A system for performing noise reduction on an audio signal,
Memory,
An analysis module stored in the memory and executed by the processor to convert time domain acoustic signals into cochlear domain subband signals;
A source inference engine stored in the memory and executed by a processor to track sources of a plurality of pitches in the subband signal and to generate a speech model and one or more noise models based on the tracked pitch sources; And
And a modifier module stored in the memory and executed by a processor to perform noise reduction on the subband signals based on the speech and one or more noise models.

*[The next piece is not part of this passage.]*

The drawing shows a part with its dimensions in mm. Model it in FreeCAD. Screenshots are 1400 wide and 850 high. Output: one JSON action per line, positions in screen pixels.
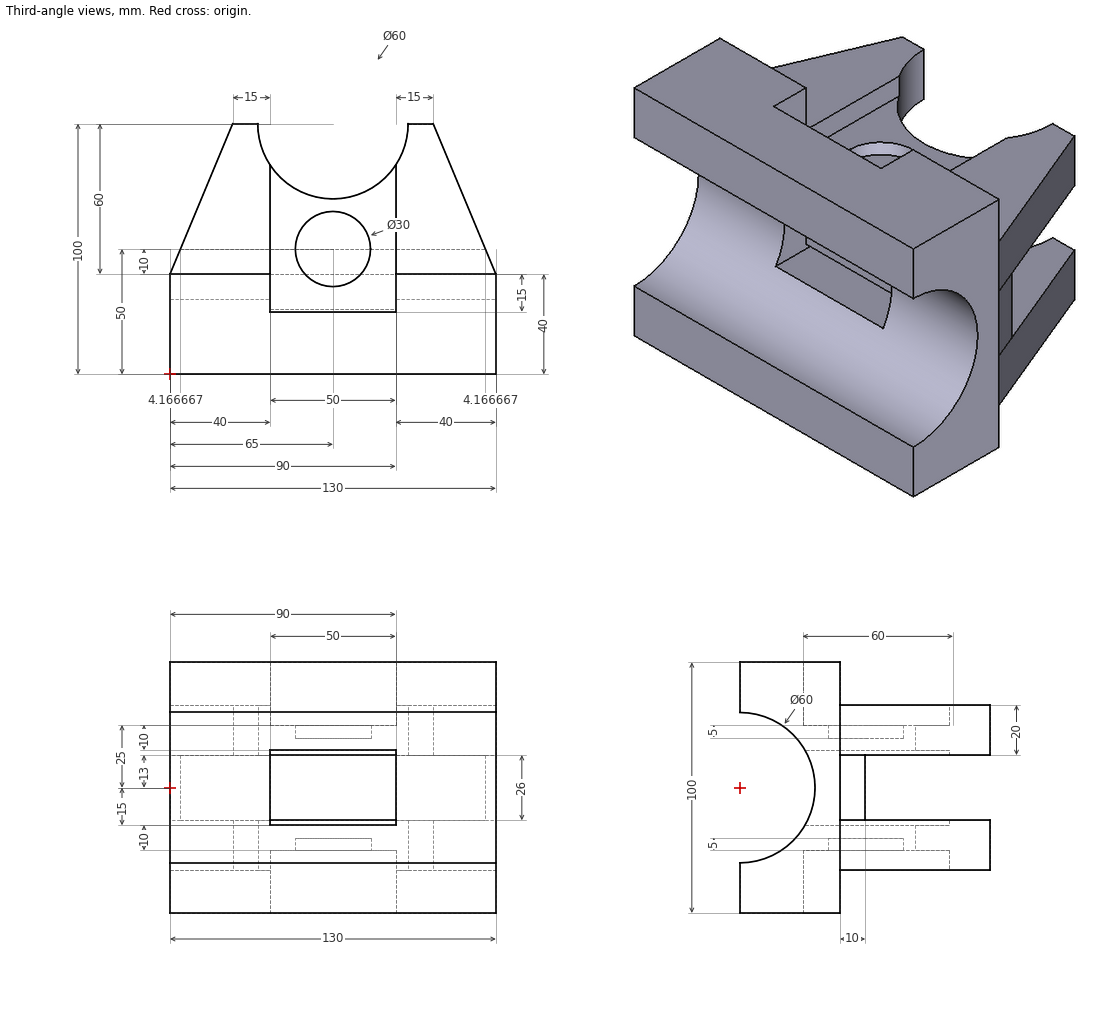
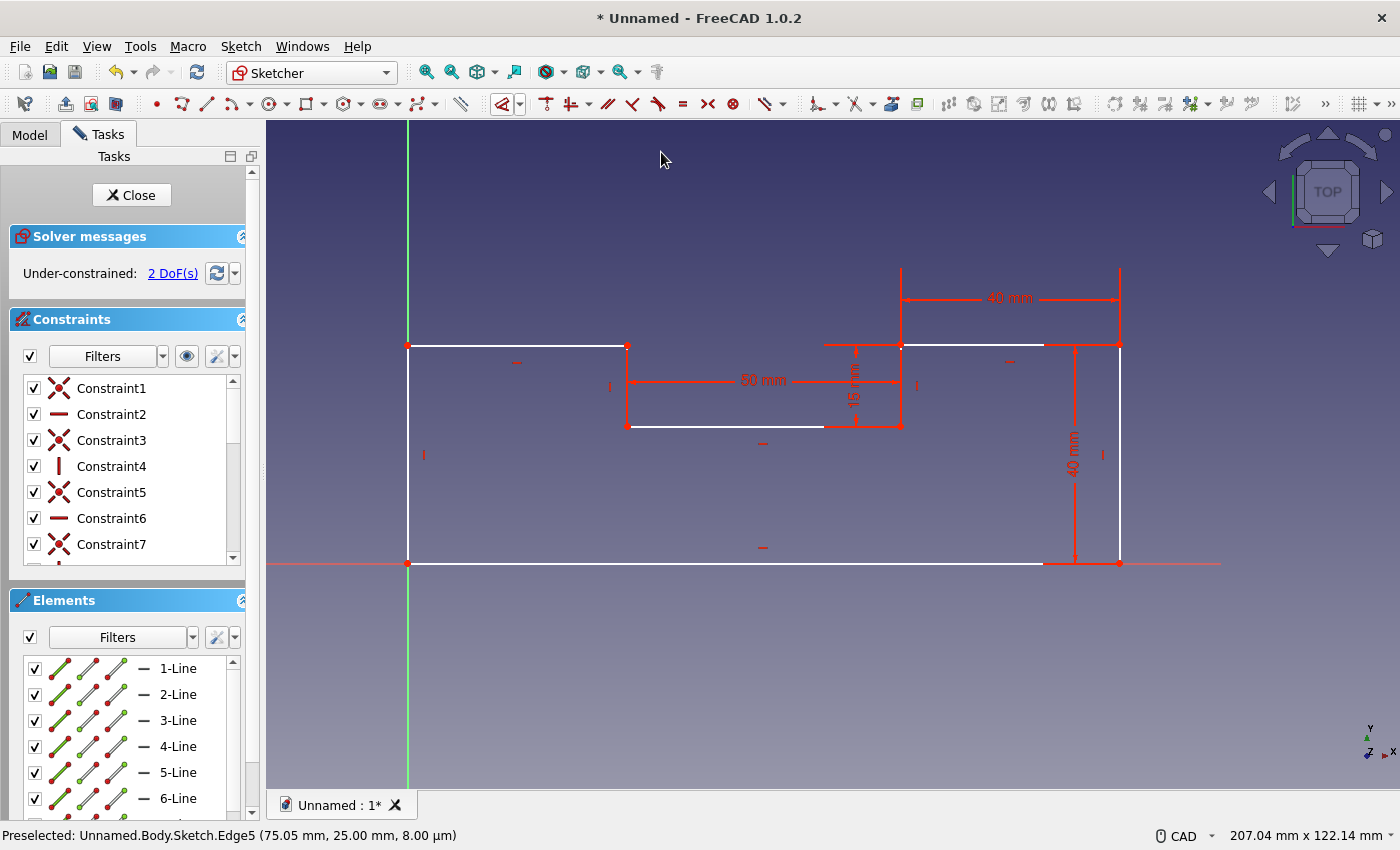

12. The system of claim 11, wherein the inference engine is executable to calculate at least one characteristic for each pitch source and for each speech source to determine the probability that the speech source is speech.

12. The system of claim 11, wherein the source inference engine is executable to generate a speech model and a noise model from a pitch track.

12. The apparatus of claim 11, wherein the source inference engine does not update the noise model for subbands in the current frame when speech prevails in a previous frame, or when speech prevails in the current frame for subbands. And reduce the noise model to update the subbands.

12. The system of claim 11, wherein the modifier module is executable to apply a first order filter to each subband in each frame.

12. The noise reduction implementation system of claim 11, wherein the frequency analysis module is executable to switch the acoustic signal by executing a high speed cochlear transform after delaying the acoustic signal.

A computer-readable storage medium having a built-in program,
The program is executable by a processor to execute a method for reducing noise in an audio signal, the method comprising:
Converting an acoustic signal from a time domain signal to a cochlear domain subband signal;
Tracking the sources of the plurality of pitches in the subband signal;
Generating a speech model and one or more noise models based on the tracked pitch source; And
And performing noise reduction on the subband signals based on the speech model and the one or more noise models.

18. The computer readable storage medium of claim 17, wherein the tracking comprises tracking a plurality of pitch sources over successive frames of subband signals.

18. The method of claim 17, wherein no noise model is generated for the subband in the current frame when speech prevails in the previous frame relative to the subband, or when speech prevails in the current frame for the subband. And a noise model is not generated for the subbands.

18. The computer readable storage medium of claim 17, wherein performing noise reduction comprises applying a first order filter to each subband signal.